As we continue to see increases in residual waste generated by households, and a reduction in commercial waste, there are unanswered questions concerning how this will impact the material flow to treatment plants, and the suitability of the materials for these sites. There seems to be little we can do at this moment, though we can continue to monitor changes in moisture, calorific value and composition to help predict if changes in feedstocks will become a bigger concern, which might not take effect until after the pandemic ends.
While our teams have key worker status and are integral to the continued operations of this country, we must do everything we can to minimise the risk to our front line workers, and this includes enforcing the two-metre social distancing rule. Many local authorities have moved to a ‘driver plus one’ model which minimises any contact within the cab to a safe distance, and spreads the usual workforce across more routes, thereby serving more of the public. For some local authorities who do not have access to spare vehicles, having staff follow the trucks in pool cars has been explored, but this has not been generally adopted due to health and safety concerns.
Along with the usual high-vis, boots and gloves, teams are being provided with hand sanitisers to ensure that they can minimise the risks they are exposed to. There are rumours of the additional measures such as face masks being brought in for key workers, but the evidence suggests they are ineffective for waste collection staff and that they may encourage face touching – something which should be avoided at this time.

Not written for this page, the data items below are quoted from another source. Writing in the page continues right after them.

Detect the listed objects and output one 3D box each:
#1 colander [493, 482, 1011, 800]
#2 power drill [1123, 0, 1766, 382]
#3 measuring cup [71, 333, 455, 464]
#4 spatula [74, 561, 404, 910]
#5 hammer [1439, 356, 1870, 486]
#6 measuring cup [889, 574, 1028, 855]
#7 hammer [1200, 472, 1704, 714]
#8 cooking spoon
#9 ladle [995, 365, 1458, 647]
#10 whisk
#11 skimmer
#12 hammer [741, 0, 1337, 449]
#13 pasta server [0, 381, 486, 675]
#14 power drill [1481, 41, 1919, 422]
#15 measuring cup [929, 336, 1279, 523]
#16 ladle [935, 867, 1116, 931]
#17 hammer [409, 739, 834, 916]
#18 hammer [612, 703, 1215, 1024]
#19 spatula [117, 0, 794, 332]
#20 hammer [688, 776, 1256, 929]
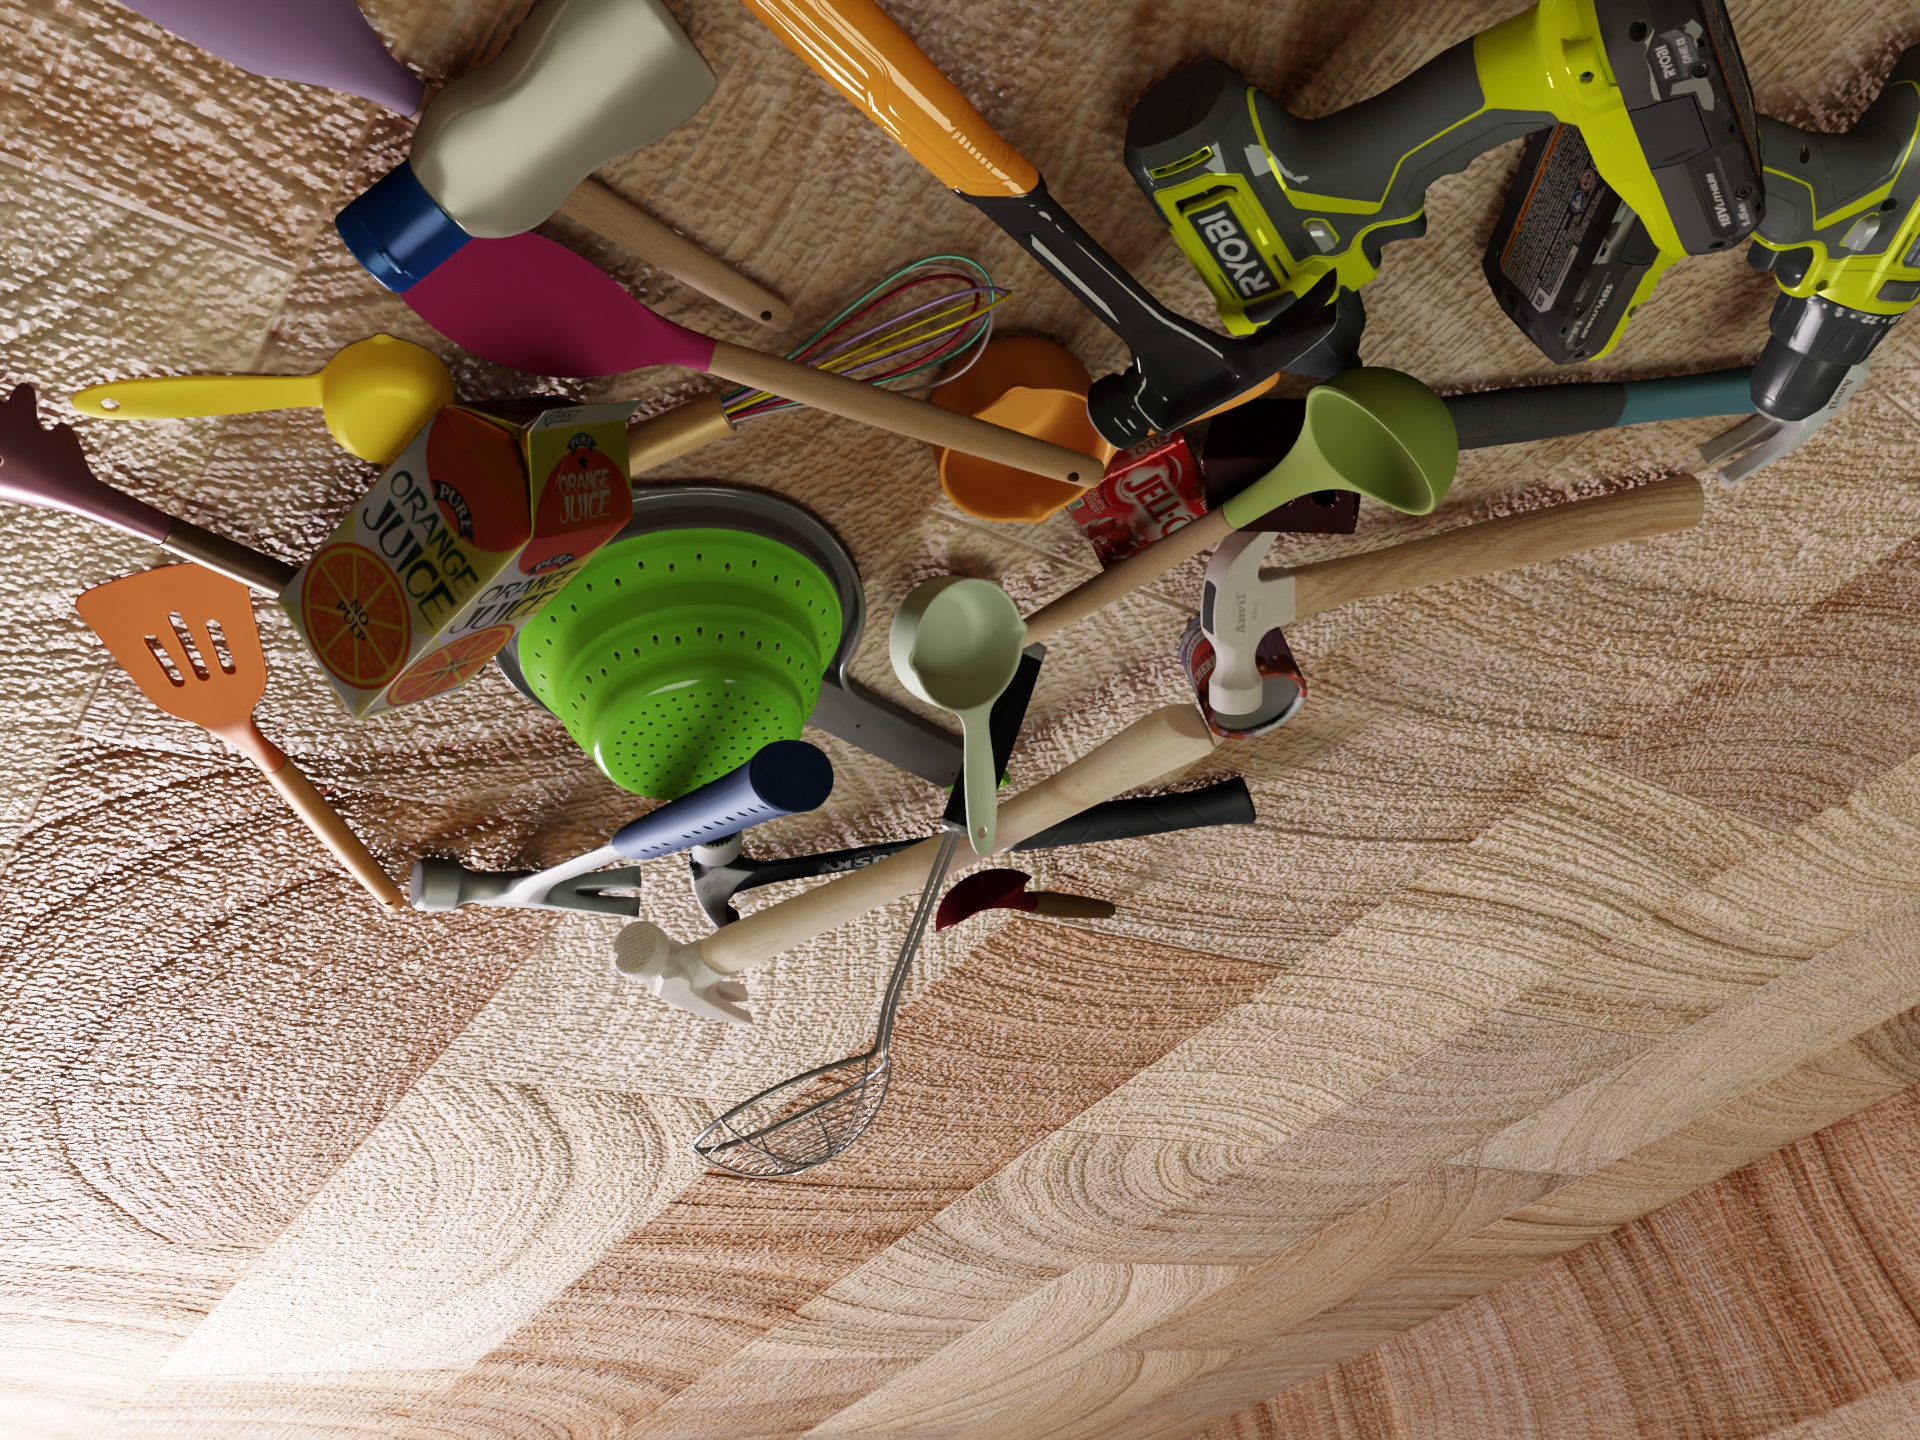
[{"bbox_3d":[-0.093,0.005,0.907,0.204,0.095,0.396,-35,140,25],"label":"colander"},{"bbox_3d":[0.204,-0.225,0.665,0.223,0.080,0.171,-12,141,35],"label":"power drill"},{"bbox_3d":[-0.301,-0.134,0.693,0.156,0.029,0.062,-6,144,-17],"label":"measuring cup"},{"bbox_3d":[-0.376,0.027,0.893,0.081,0.041,0.322,-15,149,-5],"label":"spatula"},{"bbox_3d":[0.353,-0.176,0.889,0.331,0.033,0.128,-8,143,-11],"label":"hammer"},{"bbox_3d":[-0.001,-0.003,0.914,0.083,0.038,0.167,-18,114,-32],"label":"measuring cup"},{"bbox_3d":[0.296,-0.101,0.942,0.331,0.031,0.130,-14,118,-14],"label":"hammer"},{"bbox_3d":[-0.085,-0.153,0.701,0.318,0.017,0.068,15,134,-13],"label":"cooking spoon"},{"bbox_3d":[0.117,-0.088,0.820,0.078,0.062,0.320,47,138,-14],"label":"ladle"},{"bbox_3d":[-0.090,-0.153,0.738,0.245,0.047,0.051,-21,139,10],"label":"whisk"},{"bbox_3d":[-0.051,0.111,0.960,0.363,0.090,0.127,-68,157,-3],"label":"skimmer"},{"bbox_3d":[0.004,-0.228,0.619,0.336,0.034,0.127,33,141,-32],"label":"hammer"},{"bbox_3d":[-0.350,-0.084,0.746,0.060,0.040,0.316,-43,143,14],"label":"pasta server"},{"bbox_3d":[0.380,-0.231,0.773,0.228,0.080,0.190,-4,134,-18],"label":"power drill"},{"bbox_3d":[0.067,-0.159,0.787,0.173,0.052,0.095,-18,145,-1],"label":"measuring cup"},{"bbox_3d":[0.058,0.128,1.116,0.069,0.031,0.315,-29,162,16],"label":"ladle"},{"bbox_3d":[-0.179,0.069,0.881,0.144,0.035,0.405,7,164,-32],"label":"hammer"},{"bbox_3d":[-0.021,0.097,1.051,0.410,0.038,0.146,-26,147,14],"label":"hammer"},{"bbox_3d":[-0.187,-0.230,0.620,0.315,0.018,0.059,24,125,-41],"label":"spatula"},{"bbox_3d":[0.016,0.087,1.114,0.409,0.036,0.149,-7,145,-12],"label":"hammer"}]

The recently released WISH guidance is easy to adopt and is the best current guidance in the sector. However, a key concern is how to get essential PPE to the right places. It may be that the government should control this supply more as pricing is up to 10 times the normal cost for essential items.

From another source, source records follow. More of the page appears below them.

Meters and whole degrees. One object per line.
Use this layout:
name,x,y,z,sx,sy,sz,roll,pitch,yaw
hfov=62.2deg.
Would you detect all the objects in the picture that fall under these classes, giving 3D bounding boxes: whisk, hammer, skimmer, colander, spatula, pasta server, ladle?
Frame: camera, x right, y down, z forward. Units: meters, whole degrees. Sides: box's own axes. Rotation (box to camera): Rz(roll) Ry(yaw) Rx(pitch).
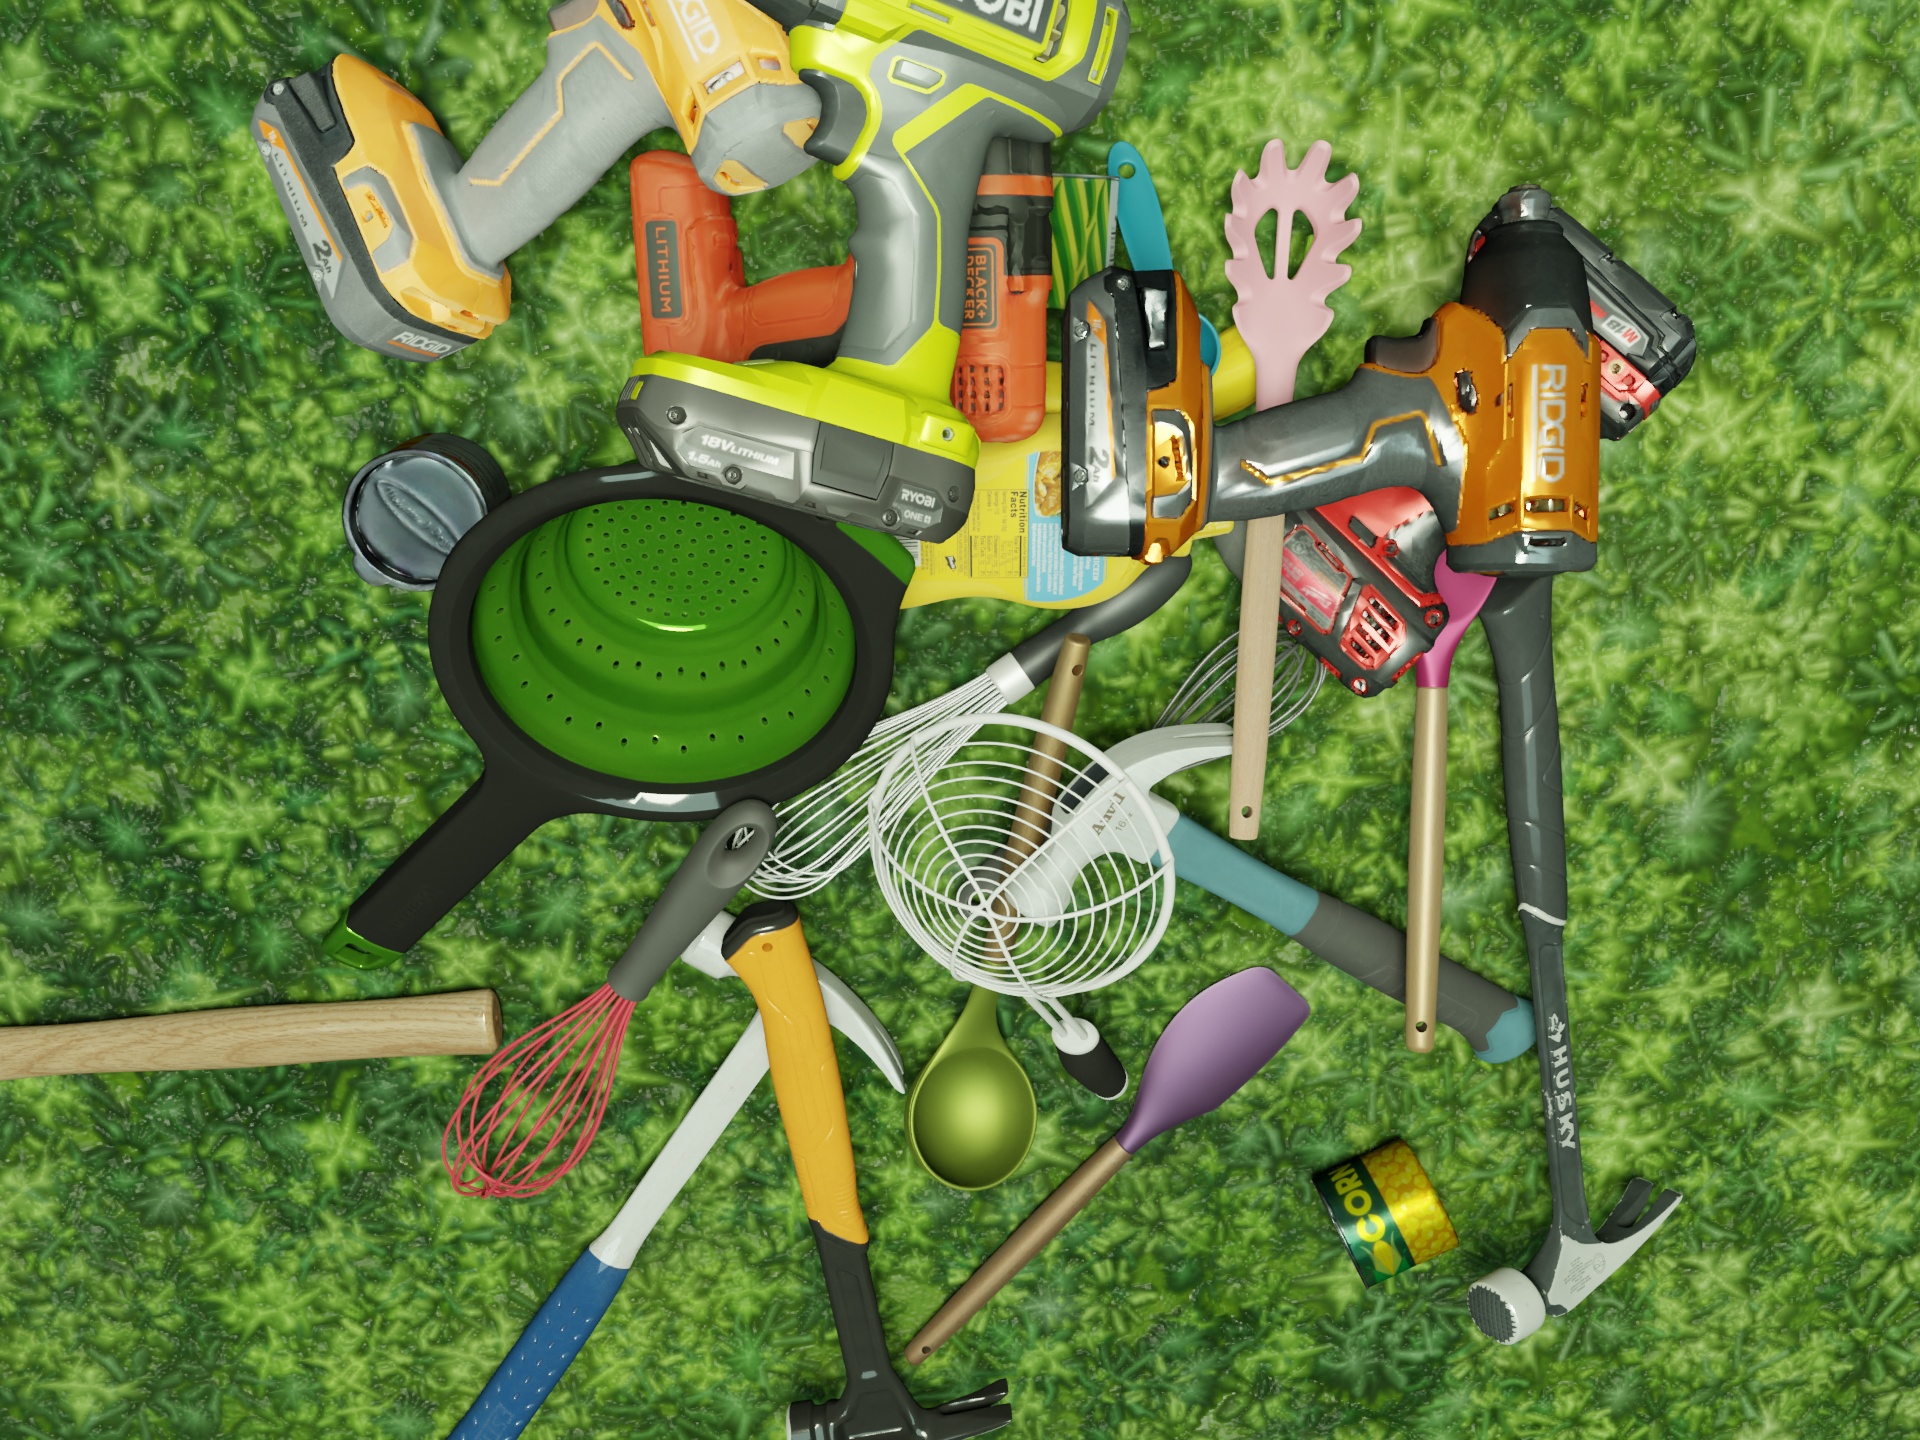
whisk,-0.002,-0.003,0.804,0.284,0.070,0.070,-35,107,2
hammer,0.318,0.122,0.853,0.149,0.036,0.409,-15,103,-30
skimmer,0.051,0.107,0.742,0.127,0.363,0.090,10,70,18
hammer,-0.186,0.296,0.893,0.144,0.035,0.405,32,103,-13
hammer,-0.062,0.250,0.850,0.127,0.034,0.336,-11,108,0
whisk,-0.178,0.147,0.809,0.073,0.073,0.295,33,113,-13
hammer,-0.411,0.167,0.837,0.331,0.031,0.130,-4,108,-3
colander,-0.191,-0.009,0.775,0.204,0.095,0.397,34,121,-30
spatula,0.074,0.259,0.911,0.059,0.018,0.316,40,99,-11
whisk,0.091,0.031,0.828,0.239,0.055,0.055,-39,106,13
hammer,0.185,0.106,0.827,0.330,0.033,0.128,29,100,-25
pasta server,0.142,-0.102,0.732,0.060,0.040,0.316,4,93,4
ladle,0.029,0.106,0.812,0.078,0.062,0.320,-2,120,-27

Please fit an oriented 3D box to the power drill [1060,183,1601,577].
power drill,0.157,-0.143,0.677,0.226,0.084,0.164,0,94,1

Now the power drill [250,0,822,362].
power drill,-0.181,-0.275,0.664,0.226,0.084,0.185,-25,86,15

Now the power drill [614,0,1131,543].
power drill,-0.044,-0.190,0.591,0.171,0.080,0.223,13,95,-23

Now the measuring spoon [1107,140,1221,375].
measuring spoon,0.089,-0.210,0.745,0.042,0.021,0.129,-13,79,0

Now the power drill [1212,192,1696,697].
power drill,0.221,-0.133,0.757,0.143,0.078,0.219,46,105,12

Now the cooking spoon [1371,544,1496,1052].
cooking spoon,0.237,0.009,0.805,0.069,0.017,0.319,2,91,6

There is a renewed respect for business continuity plans at this time, and revisions to these are being made now they have been thoroughly tested. Beyond this, there are many whose thoughts are already stretching to the future issues that we may face, including potential increases in fly tipping while HWRCs are closed, and how safely we can reopen and reinstate services both effectively and efficiently. With this in mind, perhaps some sites could become single material stream for a period of time or develop new operating procedures to ensure social distancing. Realistically, we need to pause at this point. We now look to the ESA, CIWM, WISH and DEFRA for more clarity over storage of waste for 72-hours at home, supplying PPE to front line teams, guidance on service prioritisation, and for new protocols when considering how HWRCs might operate once the government relents on travel restrictions.
We all wait with interest, and we will all continue to depend on the government to help share best practice, industry concerns, and sector updates.
* All references taken from responses to SUEZ recycling and recovery survey of local authority customers as of 04 April 2020.